This is not merely an aesthetic problem—it is a 36-month financial time bomb. Shadow vacancy represents a pipeline of future contractual vacancy. As these leases expire over the next three years, tenants will right-size to their actual utilization, and many will not renew at current square footage levels. The CBD’s contractual vacancy rate of ~33–34% is therefore a lagging indicator: the true demand picture, measured by physical occupancy, suggests that the equilibrium vacancy rate—once all current leases have cycled through renewal—could settle materially higher. This dynamic also depresses the street-level retail and restaurant ecosystem that depends on daytime foot traffic: a building that is 70% leased but only 35% occupied generates roughly half the lunch-hour spending of a fully utilized building. The Cushman & Wakefield team believes a “majority of tenants have already downsized or rightsized,” but that assessment applies to the metro’s trophy product—not specifically to the CBD’s aging commodity towers, where the right-sizing wave is still building.
B. Flight to Quality
The DFW market’s flight to quality is extreme. Class A trophy buildings in Uptown, the Design District, and Far North Dallas are competing for a shrinking pool of creditworthy tenants—and winning. Asking rents in these submarkets have reached $32.94/sf on average, while commodity Class A and Class B space in the CBD is losing tenants at an accelerating rate. The result is a two-tier market: the top third of buildings are essentially full; the bottom third are zombies.
Dallas’s 15 tallest towers, all located downtown, were built between 1954 and 1987. As Cushman & Wakefield’s Andrew Matheny observed: “It’s already starting to tighten to the point that if you’re a tenant looking for 50,000 square feet-plus in Uptown, you don’t really have that many options.” The prediction is that as trophy space fills, tenants will migrate down the quality spectrum—but that trickle-down hasn’t reached the CBD’s 1980s-era commodity product.

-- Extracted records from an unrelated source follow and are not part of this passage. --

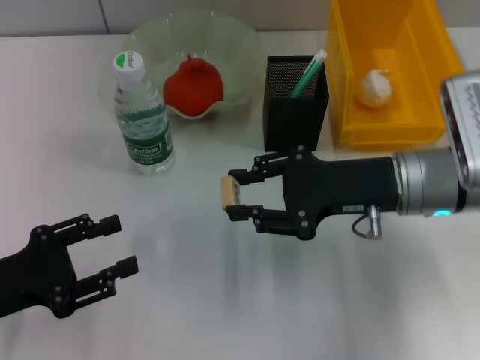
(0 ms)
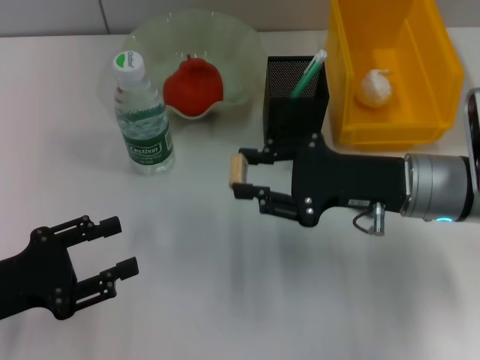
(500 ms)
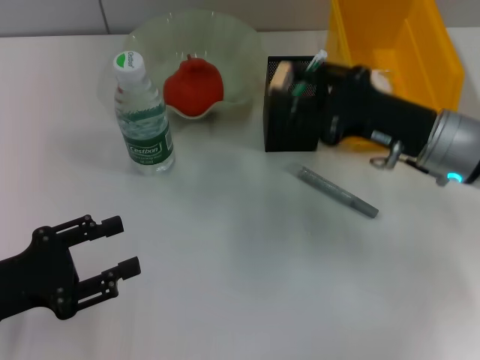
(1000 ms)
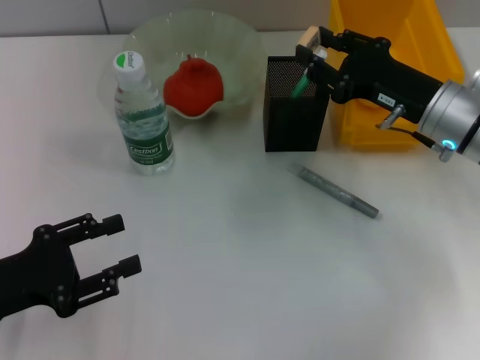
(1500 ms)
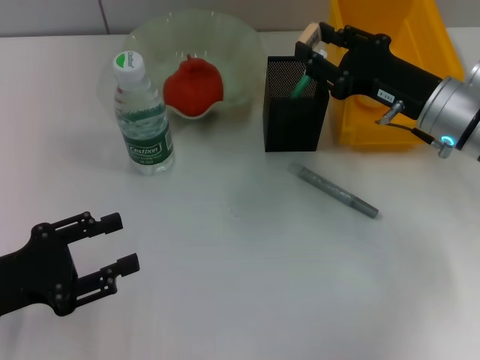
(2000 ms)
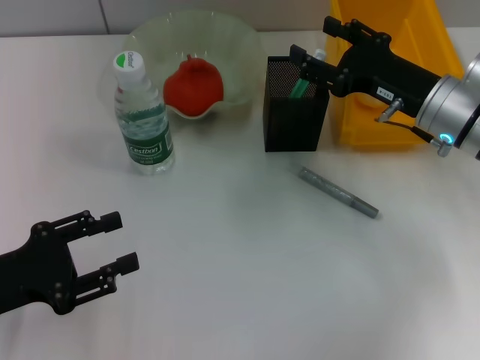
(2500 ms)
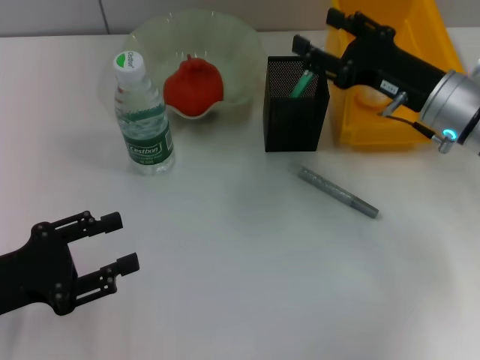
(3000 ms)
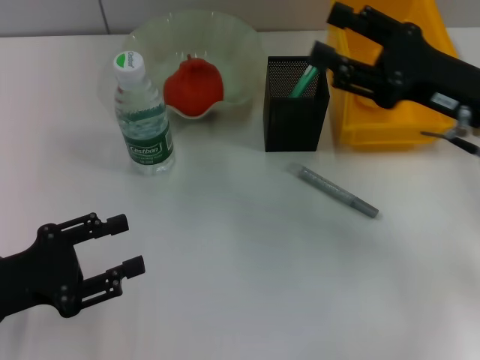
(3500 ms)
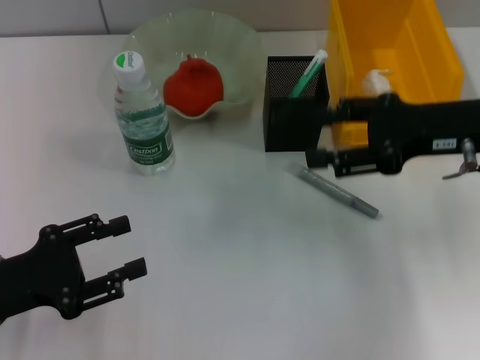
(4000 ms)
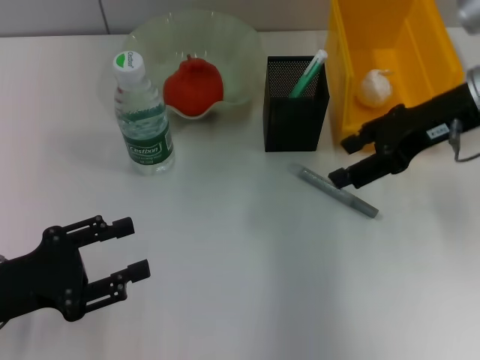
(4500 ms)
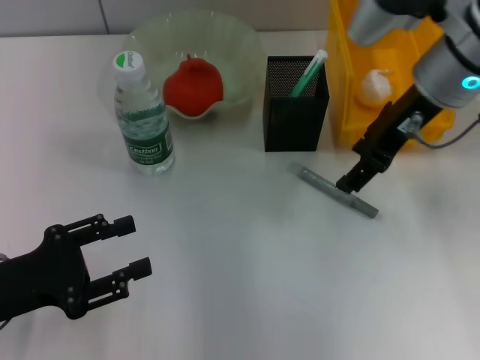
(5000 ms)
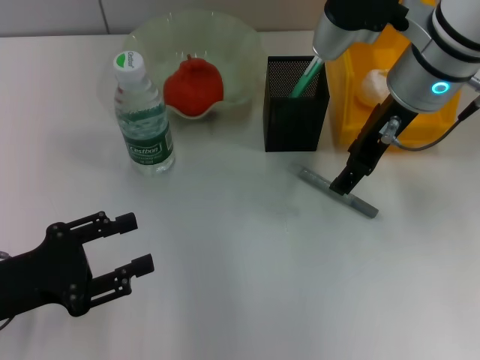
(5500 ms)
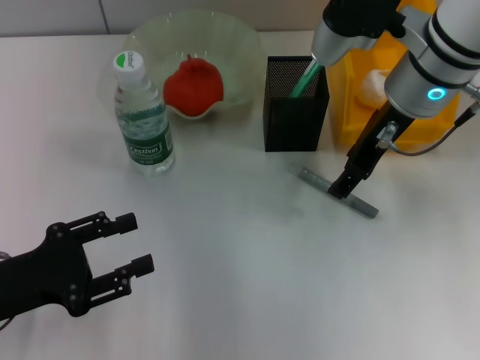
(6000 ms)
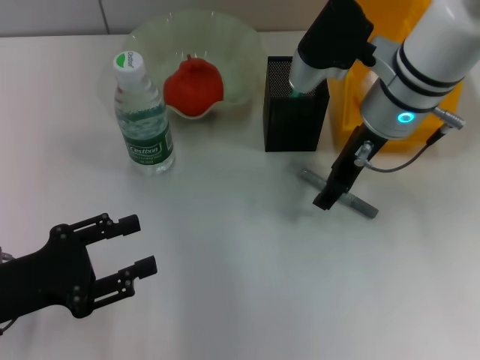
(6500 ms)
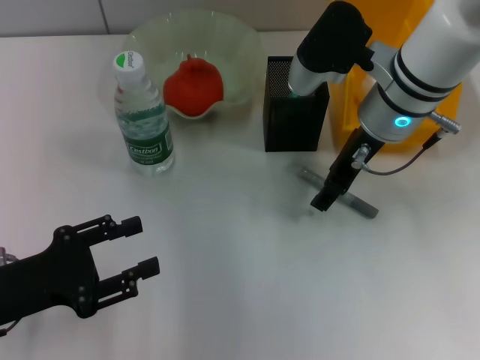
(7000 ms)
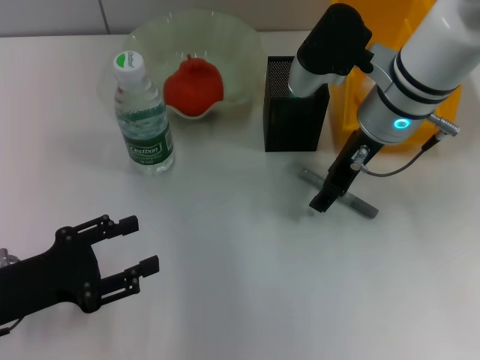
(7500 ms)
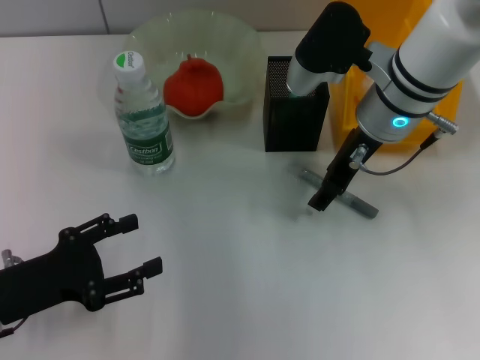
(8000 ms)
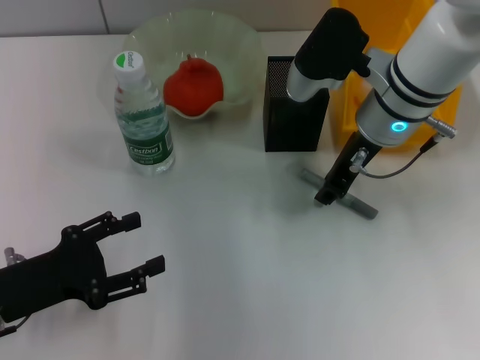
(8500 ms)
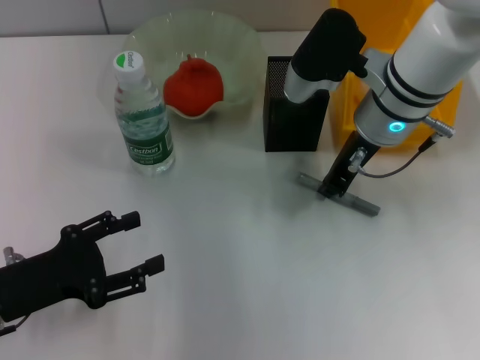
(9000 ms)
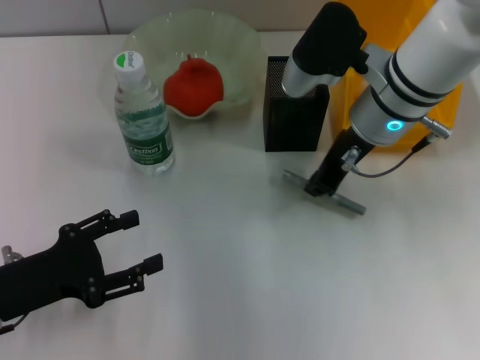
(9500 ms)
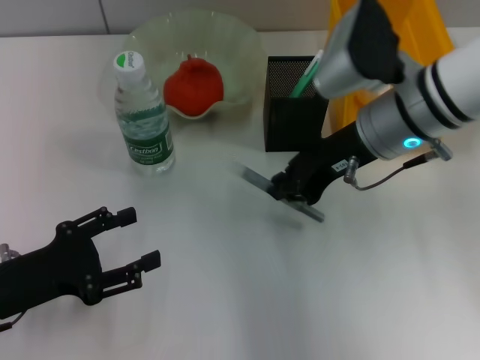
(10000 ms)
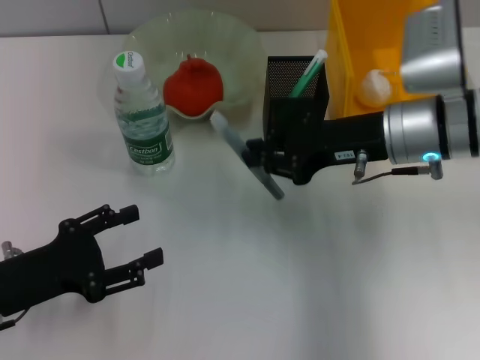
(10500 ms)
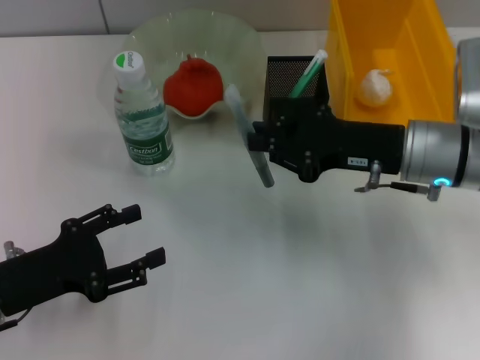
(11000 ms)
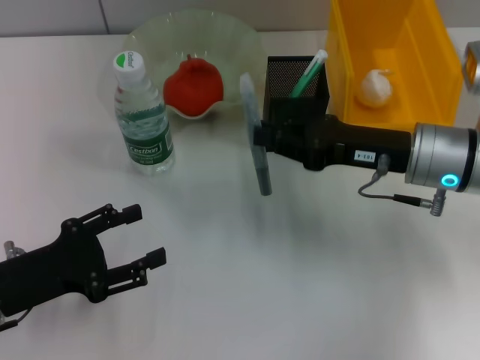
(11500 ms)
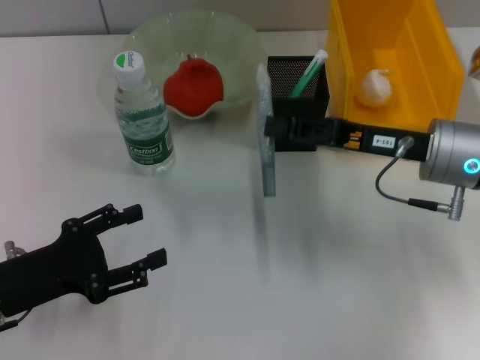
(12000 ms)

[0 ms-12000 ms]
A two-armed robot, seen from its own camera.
Step, 0 ms to 2500 ms: Put the eraser into the pen holder with the right hand.
Step, 3000 ms to 9000 ms: Grab the gray glue with the right hand.
0 ms to 2000 ms: The right gripper travels forward by some 5 cm.
2000 ms to 4000 ms: The right gripper shifts about 5 cm upward.
4000 ms to 6000 ms: The right gripper heads to the left and forward, covering about 10 cm.
6000 ms to 8000 ms: The grippers stay close to where they were, moving slightly.
8000 ms to 10000 ms: The right gripper closes up.
10000 ms to 12000 ms: The right gripper shifts about 5 cm to the right.

C. The Zombie Building Phenomenon
The National’s foreclosure is the marquee example, but it is not unique. A growing number of downtown high-rises are functionally insolvent—their market values have declined below their outstanding debt, and their cash flows cannot fund the tenant improvements needed to compete. In the current rate environment (with the cost of capital far exceeding cap rates on distressed CBD office), these buildings cannot refinance, cannot attract equity, and often cannot sell. They are, in financial terms, zombies—alive on paper, dead in practice.
Texas’ biggest loans headed to foreclosure in February 2026 totaled more than $800 million in troubled commercial property debt, with The National’s approximately $230 million Starwood loan the largest in Dallas.

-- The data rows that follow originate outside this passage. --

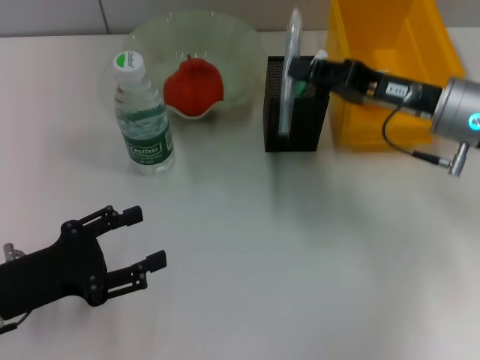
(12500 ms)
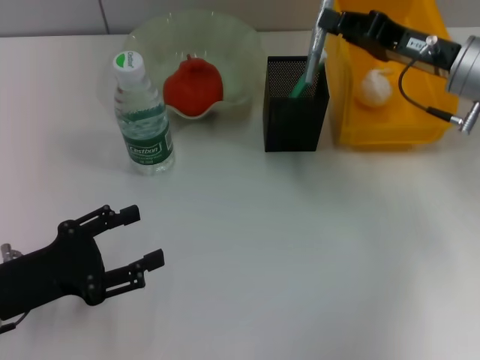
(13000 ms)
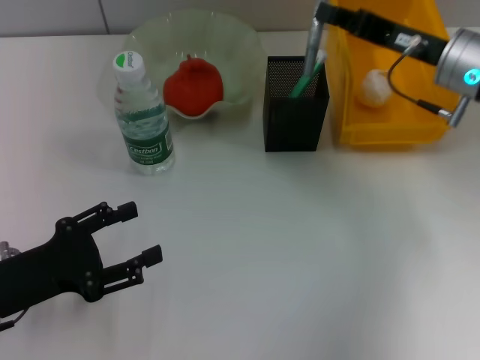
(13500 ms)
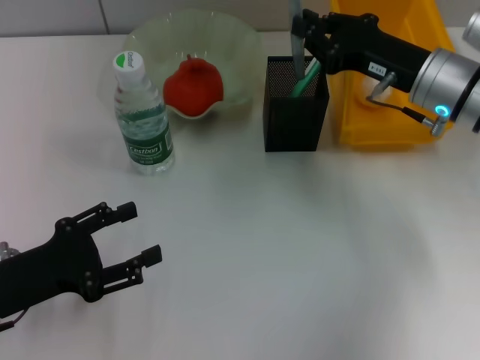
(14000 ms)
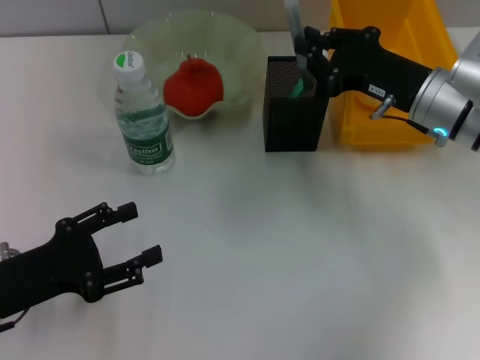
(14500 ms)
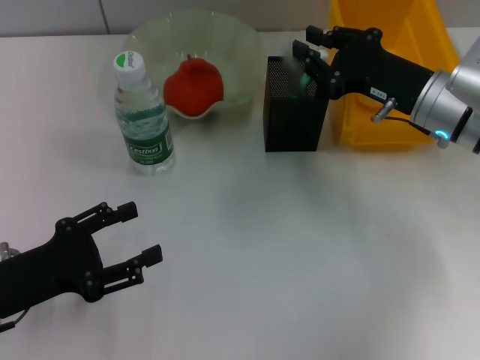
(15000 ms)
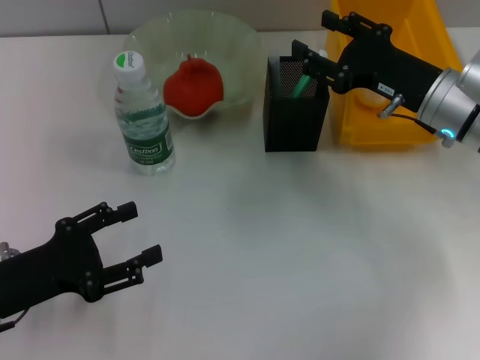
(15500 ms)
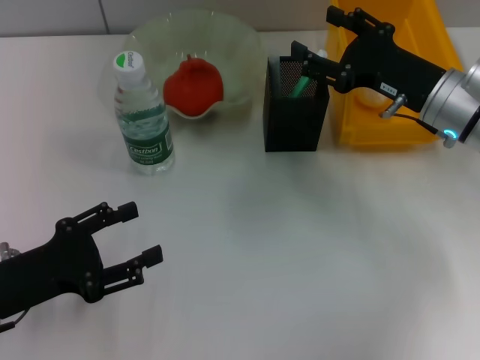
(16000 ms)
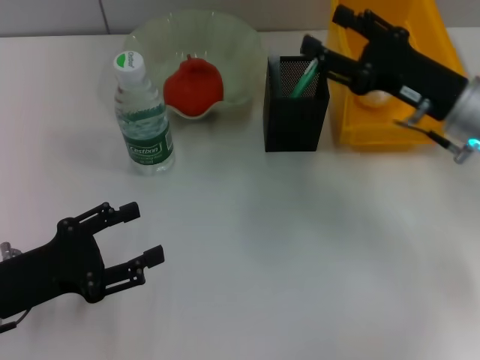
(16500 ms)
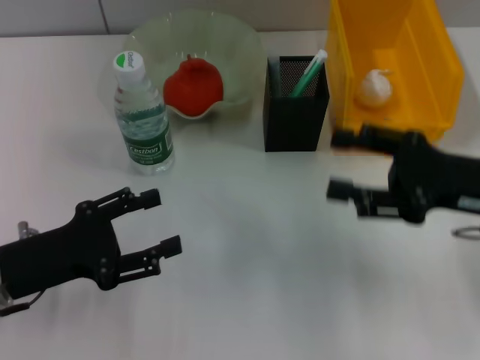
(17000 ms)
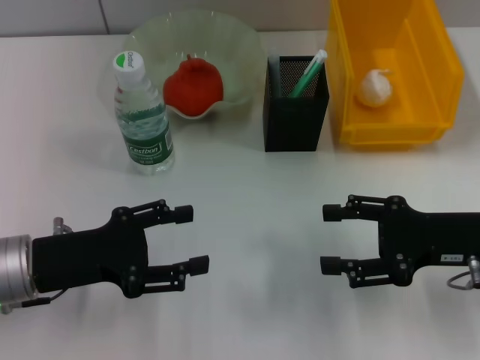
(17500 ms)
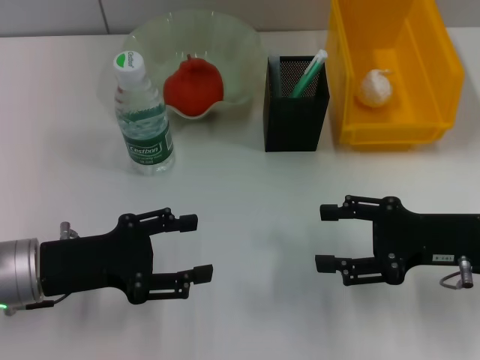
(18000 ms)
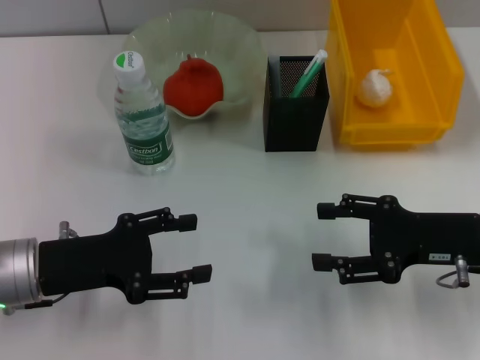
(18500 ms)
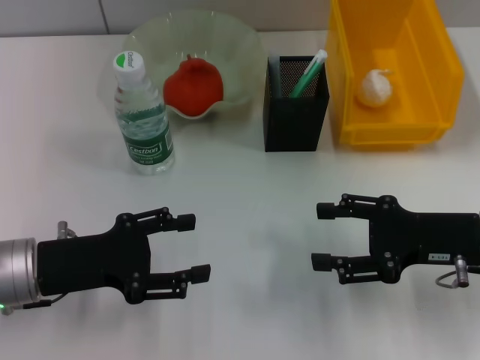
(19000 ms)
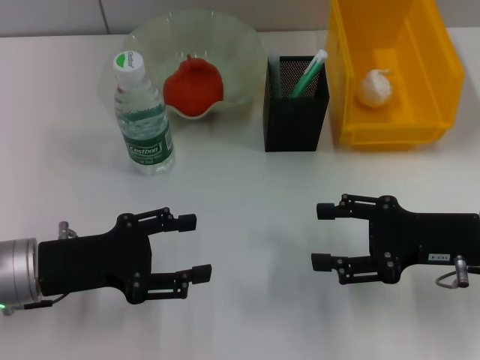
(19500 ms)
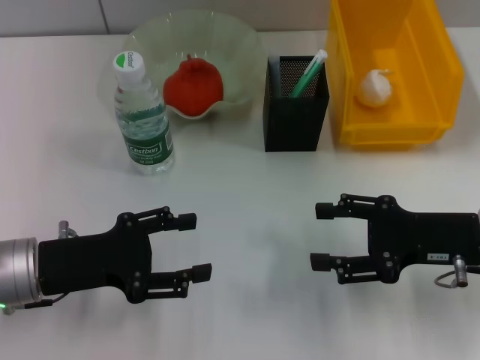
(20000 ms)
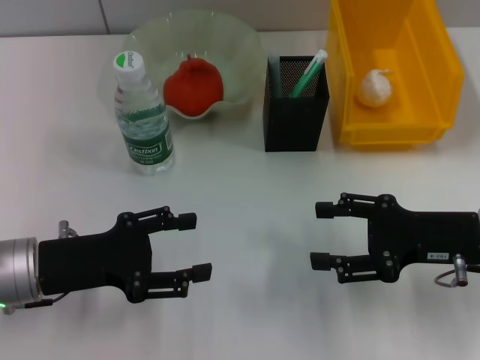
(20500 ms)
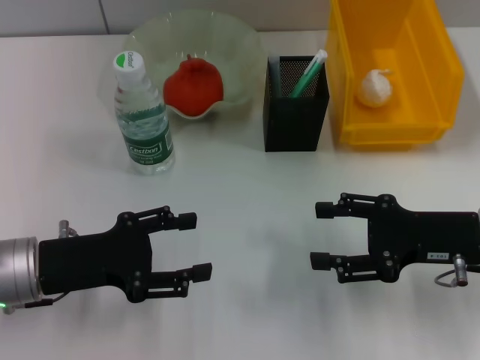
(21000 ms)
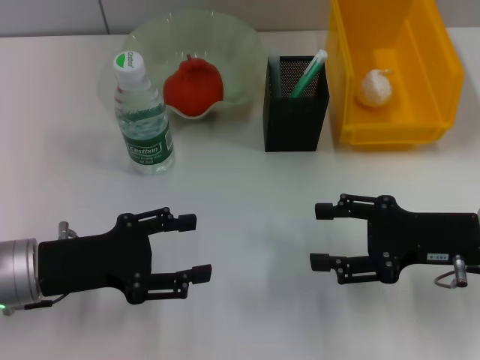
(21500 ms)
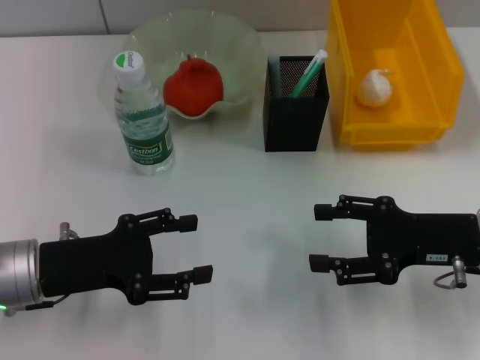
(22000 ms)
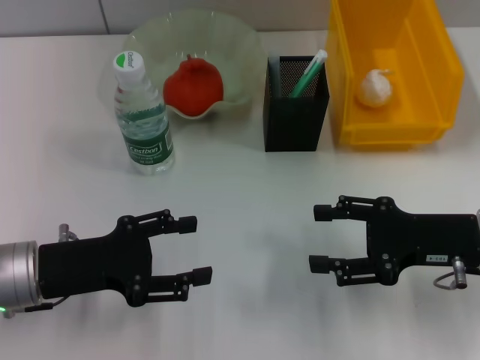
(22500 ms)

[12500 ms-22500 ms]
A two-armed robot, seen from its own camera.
Step, 12500 ms to 15000 ms: Place the gray glue into the pen holder with the right hand.
14500 ms to 16500 ms: The right gripper opens up.
16500 ms to 18500 ms: The left gripper shifts by approximately 5 cm; the right gripper heads backward, covering roughly 10 cm.
18500 ms to 22500 ms: Both grippers stay put.

V. The Conversion Pivot: Hope or Hype?
A. National Rankings and Pipeline
Dallas has emerged as a national leader in adaptive reuse. In 2024, DFW delivered 584 new apartments from office-to-residential conversions—second only to Manhattan (588 units) and fourth overall for conversions of all types (698 units including hotels and schools). Office conversions saw a 34% spike nationally in 2024, and Dallas ranks fifth nationally for the size of its conversion pipeline, with more than 2,720 apartments in various stages of development (79% of upcoming adaptive reuse projects in the metro).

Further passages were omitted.